I have a hunch that the class that I have borrowed from 'impythonist' may be causing the problem. 我有一种预感,就是我从“ impythonist”那里借来的课程可能导致了问题。 I don't know enough object orientated programming to work out the problem. 我不知道足够的面向对象的程序来解决这个问题。 Here is my code, much of which is borrowed from the the url above: 这是我的代码,其中大部分是从上面的网址借来的:

import sys  
from PyQt4.QtGui import *  
from PyQt4.QtCore import *  
from PyQt4.QtWebKit import *  
from lxml import html
import re
from bs4 import BeautifulSoup

class Render(QWebPage):  
  def __init__(self, url):  
    self.app = QApplication(sys.argv)  
    QWebPage.__init__(self)  
    self.loadFinished.connect(self._loadFinished)  
    self.mainFrame().load(QUrl(url))  
    self.app.exec_()  

  def _loadFinished(self, result):  
    self.frame = self.mainFrame()  
    self.app.quit()  



base_url='https://uk.reuters.com'
complete_next_page='https://uk.reuters.com/investing/markets/index/.FTSE?sortBy=&sortDir=&pn=1'

#LOOP TO RENDER PAGES AND GRAB DATA
while complete_next_page != '':
    print ('NEXT PAGE: ',complete_next_page, '\n')
    r = Render(complete_next_page)  # USE THE CLASS TO RENDER JAVASCRIPT FROM PAGE
    result = r.frame.toHtml()     # ERROR IS THROWN HERE ON 2nd PAGE

# PARSE THE HTML
soup = BeautifulSoup(result, 'lxml')
row_data=soup.find('div', attrs={'class':'column1 gridPanel grid8'})
print (len(row_data))

# PARSE ALL ROW DATA
stripe_rows=row_data.findAll('tr', attrs={'class':'stripe'})
non_stripe_rows=row_data.findAll('tr', attrs={'class':''})
print (len(stripe_rows))
print (len(non_stripe_rows))

# PARSE SPECIFIC ROW DATA FROM INDEX COMPONENTS
#non_stripe_rows: from 4 to 18 (inclusive) contain data
#stripe_rows: from 2 to 16 (inclusive) contain data
i=2
while i < len(stripe_rows):
    print('CURRENT LINE IS: ',str(i))
    print(stripe_rows[i])
    print('###############################################')
    print(non_stripe_rows[i+2])
    print('\n')
    i+=1

#GETS LINK TO NEXT PAGE
next_page=str(soup.find('div', attrs={'class':'pageNavigation'}).find('li', attrs={'class':'next'}).find('a')['href']) #GETS LINK TO NEXT PAGE WORKS
complete_next_page=base_url+next_page

I have annotated the bits of code that I have written and understand but I don't really know what's going on in the 'Render' class enough to diagnose the error? 我已经注释了一些我已经编写并理解的代码,但是我真的不知道'Render'类中发生了什么足以诊断错误? Unless its something else? 除非有别的东西?

Here is the error: 这是错误:

result = r.frame.toHtml()
AttributeError: 'Render' object has no attribute 'frame'

I don't need to keep the information in the class once I have parsed it out so I was thinking perhaps it could be cleared or reset somehow and then updated to hold the new url information from page 2:n but I have no idea how to do this? 解析完这些信息后,我不需要将其保留在类中,因此我想也许可以将其清除或重置,然后进行更新以保存第2页:n中的新url信息,但是我不知道如何去做这个?

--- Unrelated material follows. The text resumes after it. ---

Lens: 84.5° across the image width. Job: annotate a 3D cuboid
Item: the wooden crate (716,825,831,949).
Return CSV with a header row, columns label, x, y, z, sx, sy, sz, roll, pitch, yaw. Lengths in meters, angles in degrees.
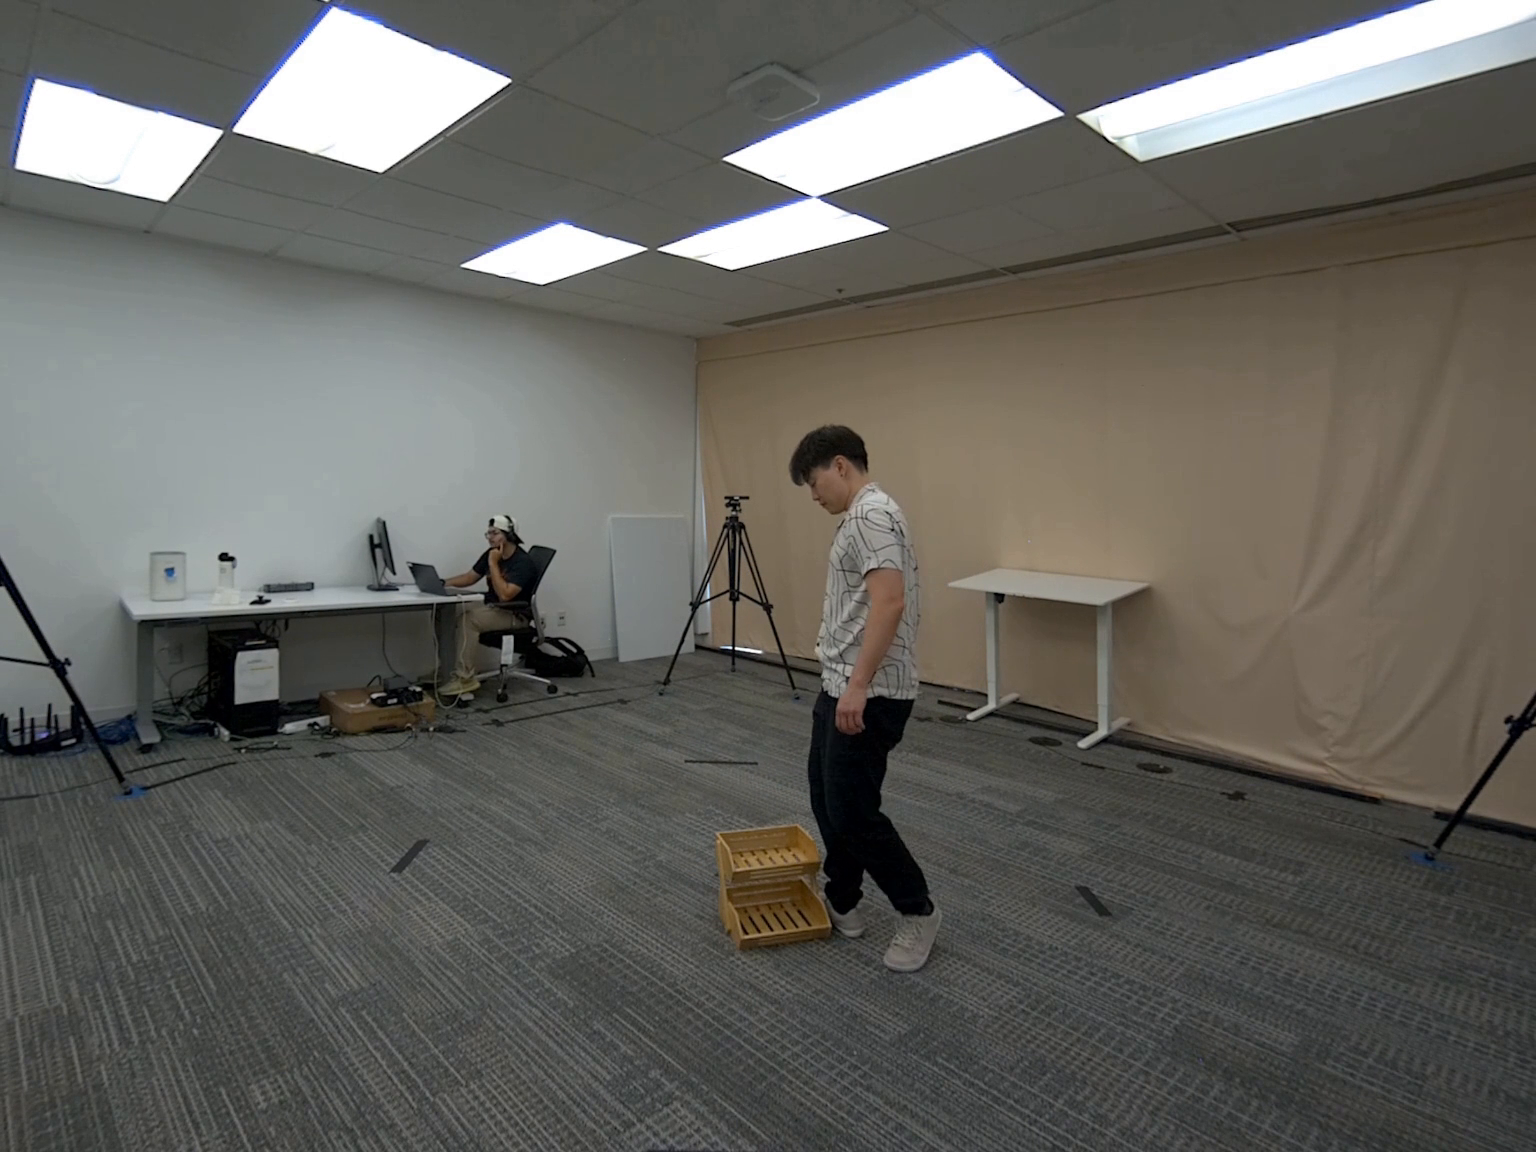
label,x,y,z,sx,sy,sz,roll,pitch,yaw
wooden crate,0.009,1.006,2.744,0.320,0.272,0.307,0,4,-19

Alternatively if anyone knows another way to grab this specific data from this page and the following ones then that would be equally helpful? 或者,如果有人知道从此页面以及随后的页面中获取此特定数据的另一种方法,那将同样有用吗?

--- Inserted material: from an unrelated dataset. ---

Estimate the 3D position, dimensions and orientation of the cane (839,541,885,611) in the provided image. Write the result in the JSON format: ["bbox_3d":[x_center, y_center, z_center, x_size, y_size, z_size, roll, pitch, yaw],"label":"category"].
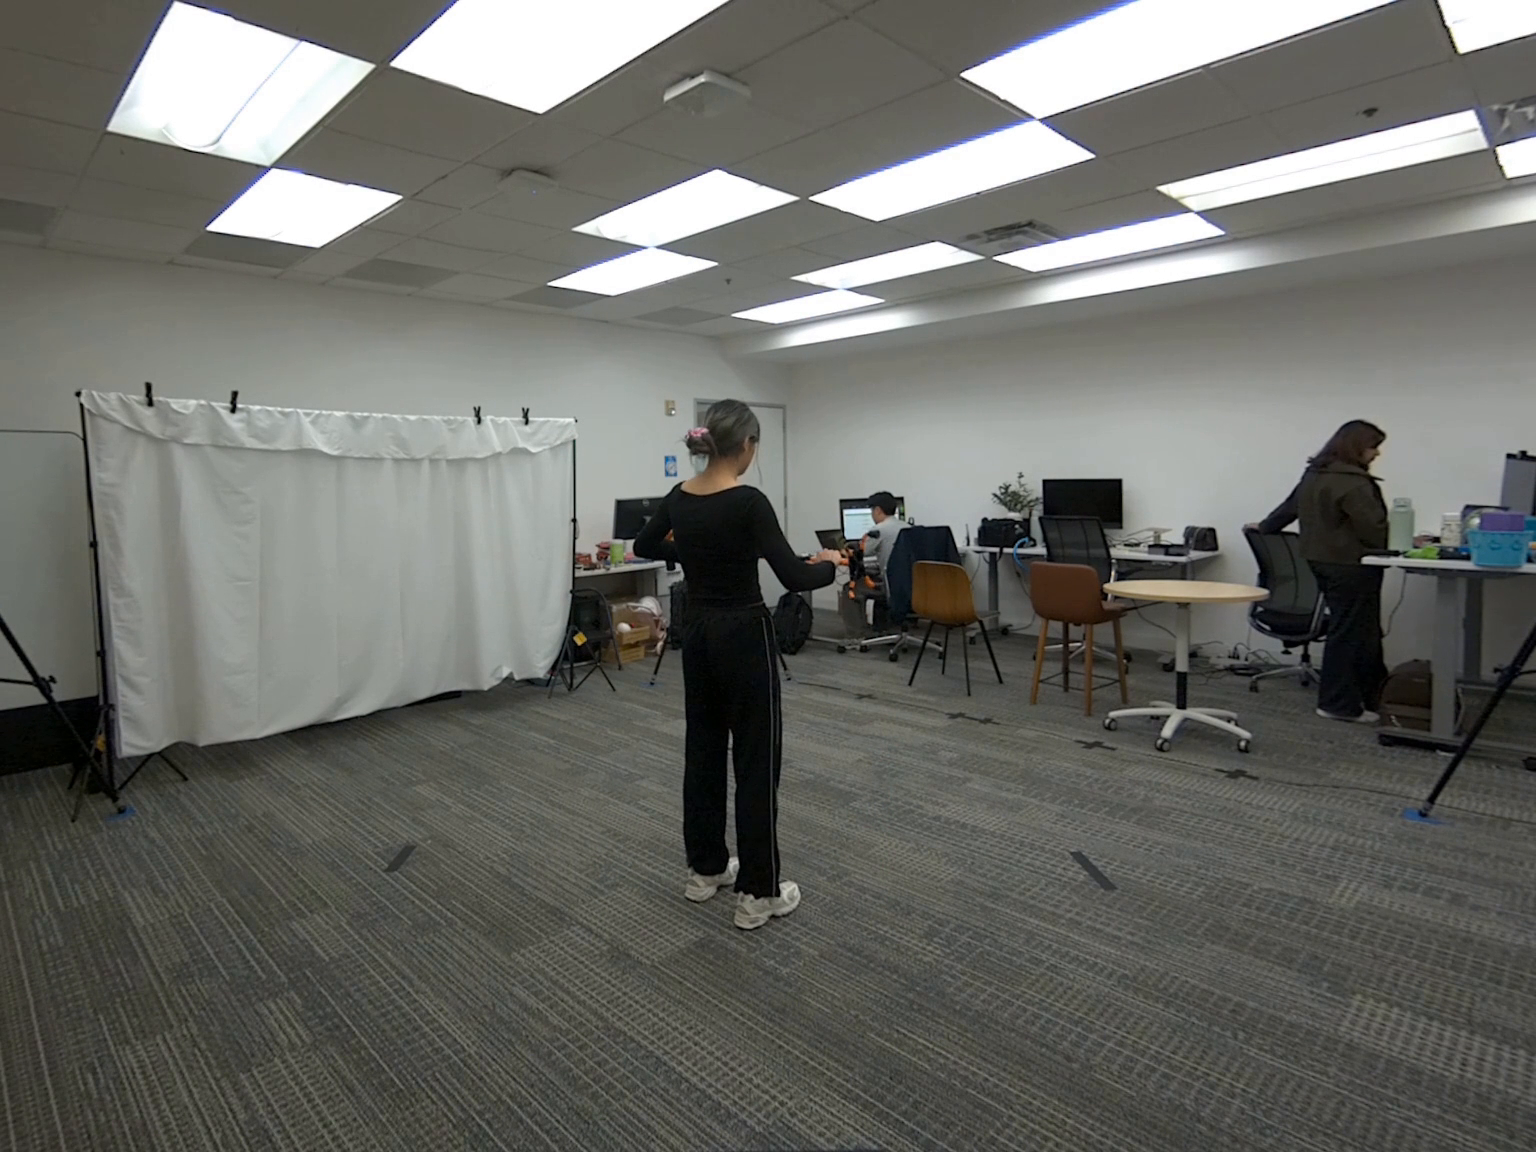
[{"bbox_3d":[-0.037,-0.072,2.967,0.936,0.204,0.149,6,16,40],"label":"cane"}]

Many thanks in advance. 提前谢谢了。

How about using selenium and phantomjs instead of PyQt. 如何使用Selenium和phantomjs代替PyQt。
You can easily get selenium by executing "pip install selenium". 您可以通过执行“ pip install selenium”轻松获得硒。 If you use Mac you can get phantomjs by executing "brew install phantomjs". 如果使用Mac,则可以通过执行“ brew install phantomjs”来获取phantomjs。 If your PC is Windows use choco instead of brew, or Ubuntu use apt-get. 如果您的PC是Windows,请使用choco而非brew,或Ubuntu使用apt-get。

from selenium import webdriver
from bs4 import BeautifulSoup

base_url = "https://uk.reuters.com"
first_page = "/business/markets/index/.FTSE?sortBy=&sortDir=&pn=1"

browser = webdriver.PhantomJS()

# PARSE THE HTML
browser.get(base_url + first_page)
soup = BeautifulSoup(browser.page_source, "lxml")
row_data = soup.find('div', attrs={'class':'column1 gridPanel grid8'})

# PARSE ALL ROW DATA
stripe_rows = row_data.findAll('tr', attrs={'class':'stripe'})
non_stripe_rows = row_data.findAll('tr', attrs={'class':''})
print(len(stripe_rows), len(non_stripe_rows))

# GO TO THE NEXT PAGE
next_button = soup.find("li", attrs={"class":"next"})
while next_button:
  next_page = next_button.find("a")["href"]
  browser.get(base_url + next_page)
  soup = BeautifulSoup(browser.page_source, "lxml")
  row_data = soup.find('div', attrs={'class':'column1 gridPanel grid8'})
  stripe_rows = row_data.findAll('tr', attrs={'class':'stripe'})
  non_stripe_rows = row_data.findAll('tr', attrs={'class':''})
  print(len(stripe_rows), len(non_stripe_rows))
  next_button = soup.find("li", attrs={"class":"next"})

# DONT FORGET THIS!!
browser.quit()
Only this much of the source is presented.